Setup

Let’s walk you through webhoser with a simple use case: we’ll get articles and blog posts about the R programming language. But first, we need to authenticate, head over to webhose.io if you do not have an account yet. The aforementioned account will give you an API Key, this is what you will use in the function below.

wh_token("xXX-x0X0xX0X-00X")

Get

Great, now that we have a token, we can fetch some articles. We’ll use some basic boolean search arguments and filters to narrow down the search to english and news (excludes blogs). We can expect the number of articles about the R Programming Language to be relatively low so we’ll extend the date range to make sure we get a decent number of articles (functions default to the last 3 days), we’ll also limit the search to blogs as this is where we’d expect R to be mentioned.

rstats <- wh_news(
    q = '"R programming" is_first:true language:english site_type:blogs',
    ts = (Sys.time() - (30 * 24 * 60 * 60))
  ) 

Note that with the free version you are limited to 30 days of results

webhose.io gives 1,000 results per month for free, wh_news and wh_broadcasts print the number of queries left by default.

Paginate

We can paginate through the results if we want more data; let’s get five more pages.

rstats_pagingated <- rstats %>% 
  wh_paginate(5)
#> ▶ Crawling 2 page(s)

class(rstats_pagingated)
#> [1] "webhoser"

So we fetched one page of results then using that object we paginated through 5 more pages. However, this returns an object of class webhoser. The wh_collect function takes another arguement flatten which defaults to FALSE.

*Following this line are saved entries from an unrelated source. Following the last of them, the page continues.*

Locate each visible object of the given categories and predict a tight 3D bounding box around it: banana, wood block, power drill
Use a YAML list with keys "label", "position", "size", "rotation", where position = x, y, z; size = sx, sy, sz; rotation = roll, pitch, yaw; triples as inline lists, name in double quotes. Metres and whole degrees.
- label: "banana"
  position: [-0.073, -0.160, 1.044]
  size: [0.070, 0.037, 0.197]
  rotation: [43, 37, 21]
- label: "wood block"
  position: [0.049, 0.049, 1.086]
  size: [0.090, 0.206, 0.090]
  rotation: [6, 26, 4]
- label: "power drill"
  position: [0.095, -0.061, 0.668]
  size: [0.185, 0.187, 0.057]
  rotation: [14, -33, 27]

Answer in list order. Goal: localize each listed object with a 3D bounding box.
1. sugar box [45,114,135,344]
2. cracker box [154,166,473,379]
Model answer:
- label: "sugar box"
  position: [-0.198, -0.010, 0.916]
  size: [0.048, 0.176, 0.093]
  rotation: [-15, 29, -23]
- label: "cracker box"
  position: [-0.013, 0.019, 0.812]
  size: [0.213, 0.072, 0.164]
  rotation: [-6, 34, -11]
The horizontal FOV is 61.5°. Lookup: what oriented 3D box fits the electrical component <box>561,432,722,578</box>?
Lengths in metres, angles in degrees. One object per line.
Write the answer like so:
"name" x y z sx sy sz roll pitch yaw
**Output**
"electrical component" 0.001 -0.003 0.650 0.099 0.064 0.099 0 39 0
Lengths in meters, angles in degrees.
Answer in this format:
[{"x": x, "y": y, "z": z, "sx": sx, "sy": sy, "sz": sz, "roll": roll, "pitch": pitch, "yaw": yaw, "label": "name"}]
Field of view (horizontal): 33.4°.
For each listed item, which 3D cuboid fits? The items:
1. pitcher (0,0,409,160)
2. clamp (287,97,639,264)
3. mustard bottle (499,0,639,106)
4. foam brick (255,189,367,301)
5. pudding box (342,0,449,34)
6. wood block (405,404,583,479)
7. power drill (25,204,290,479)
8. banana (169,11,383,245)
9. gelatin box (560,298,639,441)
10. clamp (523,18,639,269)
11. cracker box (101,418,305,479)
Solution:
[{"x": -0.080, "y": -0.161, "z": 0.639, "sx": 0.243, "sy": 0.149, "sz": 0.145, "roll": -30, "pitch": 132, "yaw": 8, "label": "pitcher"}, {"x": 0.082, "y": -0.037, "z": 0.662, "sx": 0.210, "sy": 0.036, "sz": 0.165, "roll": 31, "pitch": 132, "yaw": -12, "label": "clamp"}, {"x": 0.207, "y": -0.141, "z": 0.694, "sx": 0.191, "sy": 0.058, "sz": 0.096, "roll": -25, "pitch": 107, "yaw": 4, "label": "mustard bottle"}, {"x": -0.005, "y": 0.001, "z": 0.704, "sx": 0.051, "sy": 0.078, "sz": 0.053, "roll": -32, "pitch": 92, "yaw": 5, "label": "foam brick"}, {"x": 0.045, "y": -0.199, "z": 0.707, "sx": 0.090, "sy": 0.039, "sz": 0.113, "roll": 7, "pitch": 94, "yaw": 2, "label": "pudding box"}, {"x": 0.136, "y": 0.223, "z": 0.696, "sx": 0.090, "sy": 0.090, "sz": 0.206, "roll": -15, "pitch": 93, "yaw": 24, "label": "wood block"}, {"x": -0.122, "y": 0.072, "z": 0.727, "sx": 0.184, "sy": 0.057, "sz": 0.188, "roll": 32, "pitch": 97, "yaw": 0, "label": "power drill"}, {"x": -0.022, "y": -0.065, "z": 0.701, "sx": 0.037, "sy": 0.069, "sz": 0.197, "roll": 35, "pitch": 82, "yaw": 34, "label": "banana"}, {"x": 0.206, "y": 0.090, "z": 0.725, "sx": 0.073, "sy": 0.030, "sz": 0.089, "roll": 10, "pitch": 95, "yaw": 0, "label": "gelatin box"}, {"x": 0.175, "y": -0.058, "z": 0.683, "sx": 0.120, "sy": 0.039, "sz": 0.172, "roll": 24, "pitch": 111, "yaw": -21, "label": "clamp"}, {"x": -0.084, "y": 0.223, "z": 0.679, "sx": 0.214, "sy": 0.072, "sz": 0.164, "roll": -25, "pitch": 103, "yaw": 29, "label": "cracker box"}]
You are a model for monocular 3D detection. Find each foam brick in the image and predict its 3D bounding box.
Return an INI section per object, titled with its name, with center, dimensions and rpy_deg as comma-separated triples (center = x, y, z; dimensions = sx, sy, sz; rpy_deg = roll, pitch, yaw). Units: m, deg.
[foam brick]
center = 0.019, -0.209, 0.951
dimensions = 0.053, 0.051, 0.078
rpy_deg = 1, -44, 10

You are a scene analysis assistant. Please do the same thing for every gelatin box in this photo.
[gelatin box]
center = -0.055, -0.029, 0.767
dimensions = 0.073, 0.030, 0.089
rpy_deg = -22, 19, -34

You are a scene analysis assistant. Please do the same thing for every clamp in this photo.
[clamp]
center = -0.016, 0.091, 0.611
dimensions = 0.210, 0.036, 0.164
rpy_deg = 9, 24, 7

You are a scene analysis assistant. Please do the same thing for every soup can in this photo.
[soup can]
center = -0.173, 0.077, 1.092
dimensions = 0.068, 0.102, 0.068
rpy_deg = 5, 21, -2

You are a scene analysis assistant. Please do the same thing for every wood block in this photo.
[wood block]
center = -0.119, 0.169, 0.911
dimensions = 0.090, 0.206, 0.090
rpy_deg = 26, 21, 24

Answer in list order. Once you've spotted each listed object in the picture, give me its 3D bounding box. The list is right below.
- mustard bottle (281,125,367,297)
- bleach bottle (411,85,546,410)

  1. If TRUE the function attempts to flatten the results into a standard data.frame.
  2. If FALSE the function returns a nested data.frame.
rstats_df <- wh_collect(rstats_pagingated)
class(rstats_df)
#> [1] "data.frame"

The above functions can be summed up as:

rstats <- wh_news(
    q = '"R programming" is_first:true language:english site_type:blogs',
    ts = (Sys.time() - (30 * 24 * 60 * 60))
  ) %>% 
  wh_paginate(5) %>% 
  wh_collect()

This returned 211 articles with lot of variables.

names(rstats)
#>  [1] "uuid"                             
#>  [2] "url"                              
#>  [3] "ord_in_thread"                    
#>  [4] "author"                           
#>  [5] "published"                        
#>  [6] "title"                            
#>  [7] "text"                             
#>  [8] "highlightText"                    
#>  [9] "highlightTitle"                   
#> [10] "language"                         
#> [11] "external_links"                   
#> [12] "external_images"                  
#> [13] "rating"                           
#> [14] "crawled"                          
#> [15] "thread.uuid"                      
#> [16] "thread.url"                       
#> [17] "thread.site_full"                 
#> [18] "thread.site"                      
#> [19] "thread.site_section"              
#> [20] "thread.site_categories"           
#> [21] "thread.section_title"             
#> [22] "thread.title"                     
#> [23] "thread.title_full"                
#> [24] "thread.published"                 
#> [25] "thread.replies_count"             
#> [26] "thread.participants_count"        
#> [27] "thread.site_type"                 
#> [28] "thread.country"                   
#> [29] "thread.spam_score"                
#> [30] "thread.main_image"                
#> [31] "thread.performance_score"         
#> [32] "thread.domain_rank"               
#> [33] "thread.social.facebook.likes"     
#> [34] "thread.social.facebook.comments"  
#> [35] "thread.social.facebook.shares"    
#> [36] "thread.social.gplus.shares"       
#> [37] "thread.social.pinterest.shares"   
#> [38] "thread.social.linkedin.shares"    
#> [39] "thread.social.stumbledupon.shares"
#> [40] "thread.social.vk.shares"          
#> [41] "entities.persons"                 
#> [42] "entities.organizations"           
#> [43] "entities.locations"

Below we use g2r for a quick plot of the number of articles published by day.

library(dplyr)
# remotes::install_github("JohnCoene/g2r)
library(g2r)

rstats %>% 
  mutate(
    date = as.Date(rstats$published, "%Y-%m-%d")
  ) %>% 
  count(date) %>% 
  g2(asp(date, n, color = "#247BA0")) %>% 
  fig_line()

webhoser.io does some entity extraction for us, so we do not have to do it ourselves, the data.frame includes entitities mentioned in the body of the text along with the sentiment associated with it:

  1. Locations
  2. Persons
  3. Organisations

This, however, is only so accurate depending on the articles you fetch.

webhoser.io also lets you fetch broadcasts transcripts, happy text mining!